Ryan Stuczynski, GemRate's founder, says a spike in grading activity on PSA last year followed a high-profile sale of a rare Pikachu card to YouTube star and provocateur Logan Paul, who Stuczynski credits with keeping momentum high in the market. The influencer, who boasts a YouTube following of more than 23 million, bought the card for a record $5.275 million in 2021, the second-most expensive trading card of any category known to be sold; a mint-condition Mickey Mantle baseball card leads the pack at $12.6 million.
Paul, a wrestler signed to WWE, flaunted his holographic Pokémon prize, wearing the card inside a diamond-encrusted necklace ahead of his headline-grabbing boxing match with former champ Floyd Mayweather.
"It moves it from being like a child thing to something that's a little bit culturally meaningful," Stuczynski said.

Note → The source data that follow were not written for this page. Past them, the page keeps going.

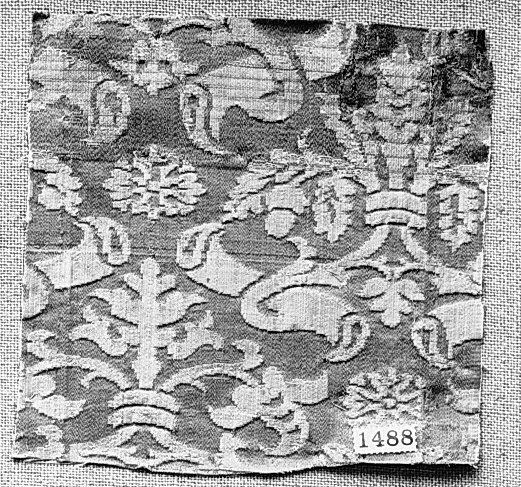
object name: piece
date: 1501-1600
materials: silk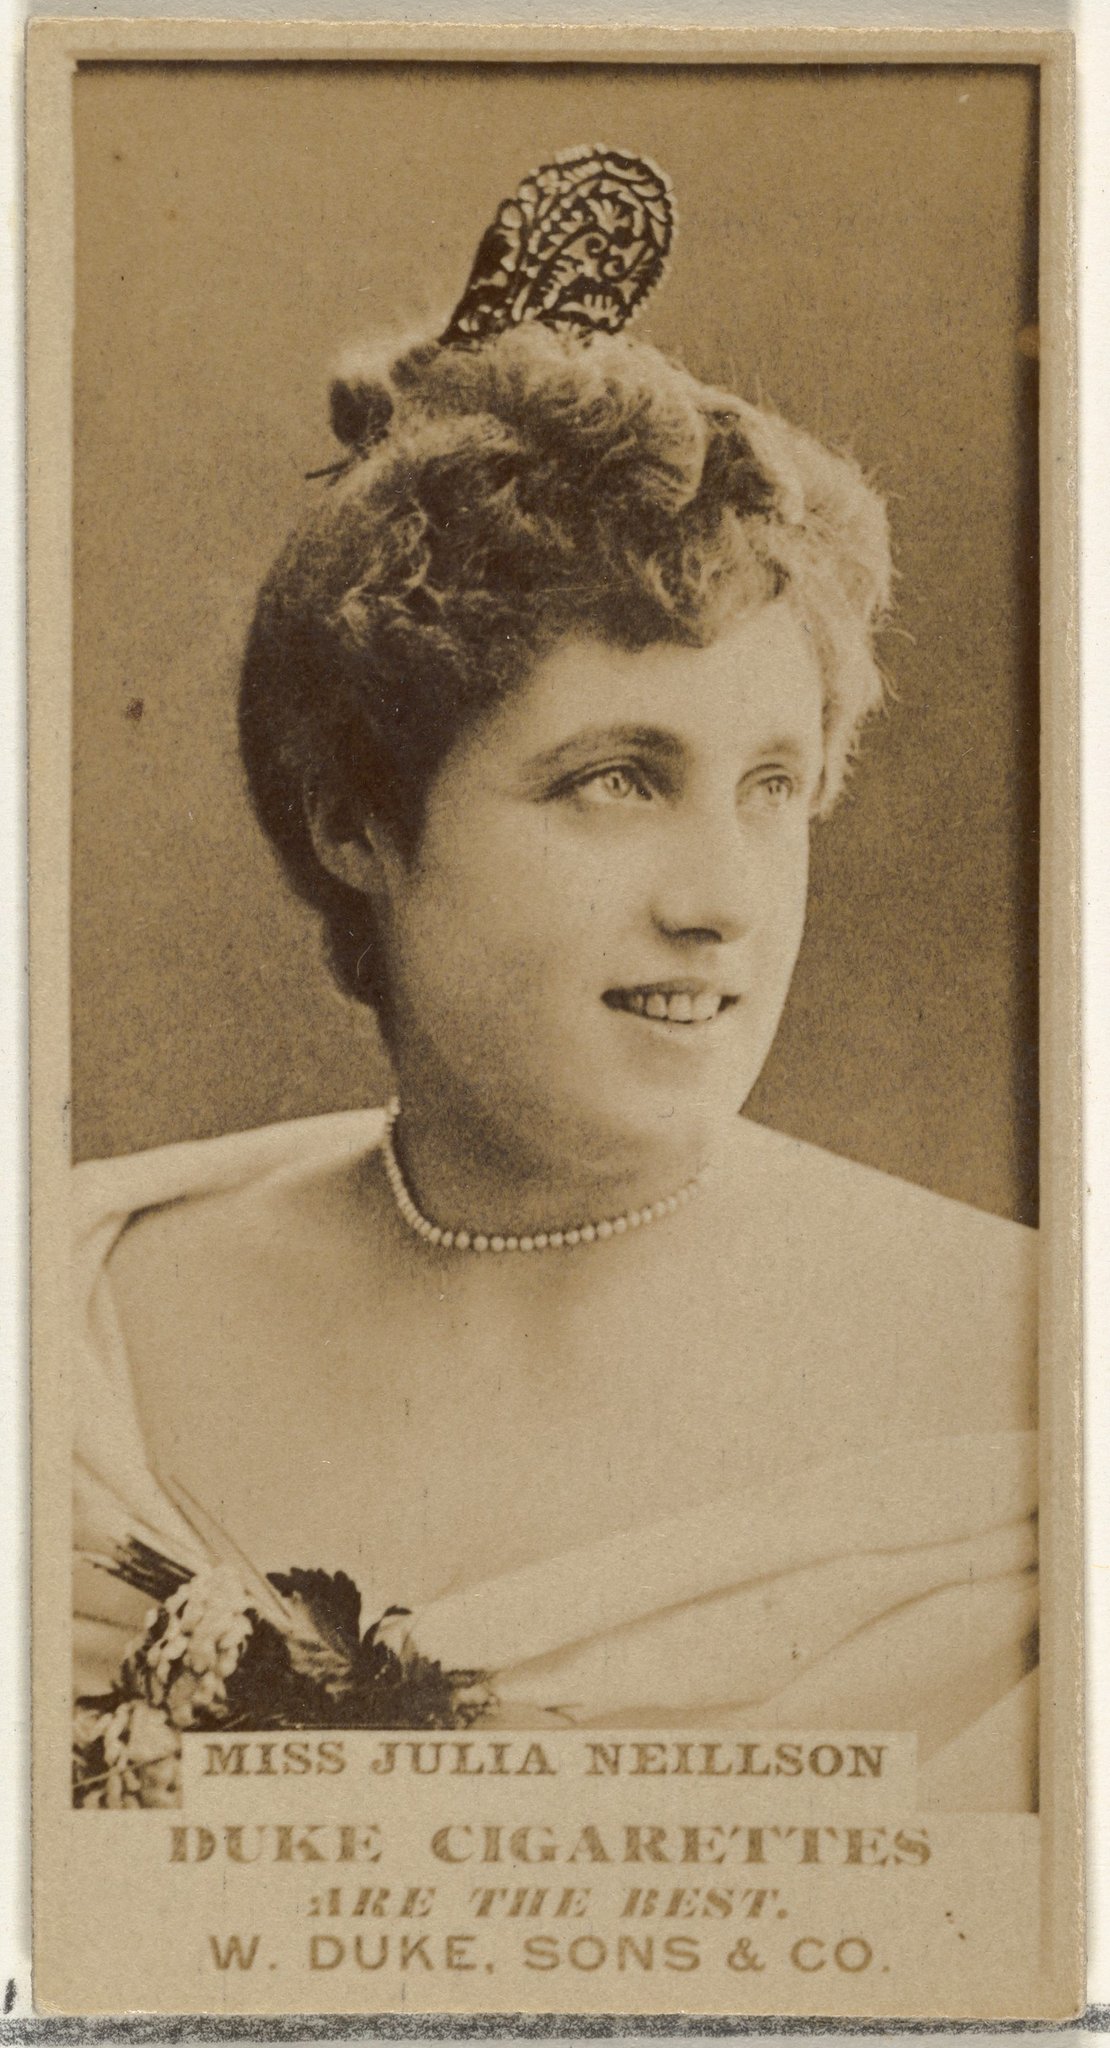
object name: photograph
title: Miss Julia Neillson, from the Actors and Actresses series (N145-7) issued by Duke Sons & Co. to promote Duke Cigarettes
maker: w. duke, sons & co.
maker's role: publisher
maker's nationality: american
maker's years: 1870-1920
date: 1880-1889
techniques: albumen silver print
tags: portraits,women,actresses

The risks of accelerated hype
Hasbro's Magic: The Gathering partnership with Lord of the Rings is one of the tabletop game's latest in a series of recent crossovers. The Post Malone-acquired "One Ring" card was Magic's first one-of-one card release. The strategy follows the sports card playbook of introducing artificial scarcity with new, rare cards.
The success of its release, which set off a bounty war and earned Hasbro some $100 million in product sales, will likely inspire a repeat, says auction house operator Goldin.
"It's gonna lead manufacturers to do more unusual items like the ring card," he said.
But, Goldin adds, if game card companies get too carried away with trying to introduce artificial scarcity into the market in the form of rare card releases, that could lead to inflated pricing, pulling down card value marketwide.
"If something is being produced for the sole purpose of being a collectible, it's less likely that it is going to be valuable over the years, as opposed to something that wasn't intended to be a collectible and just happened to be," he said. Baseball cards, for example, were not originally meant to be collectibles, he added.
Hasbro's rapid output of Magic cards could also disrupt what fans enjoyed about gameplay in the first place. The pace of product has already started to put off some devotees. After the Lord of the Rings collaboration was announced, not everyone was thrilled with the proliferation of card variety.
"The quantity of new cards, the confusion of a billion different arts for each card, and the complexity creep on cards that do 17 different things have all made it hard for me to keep up with [Magic: The Gathering]" one Reddit user wrote.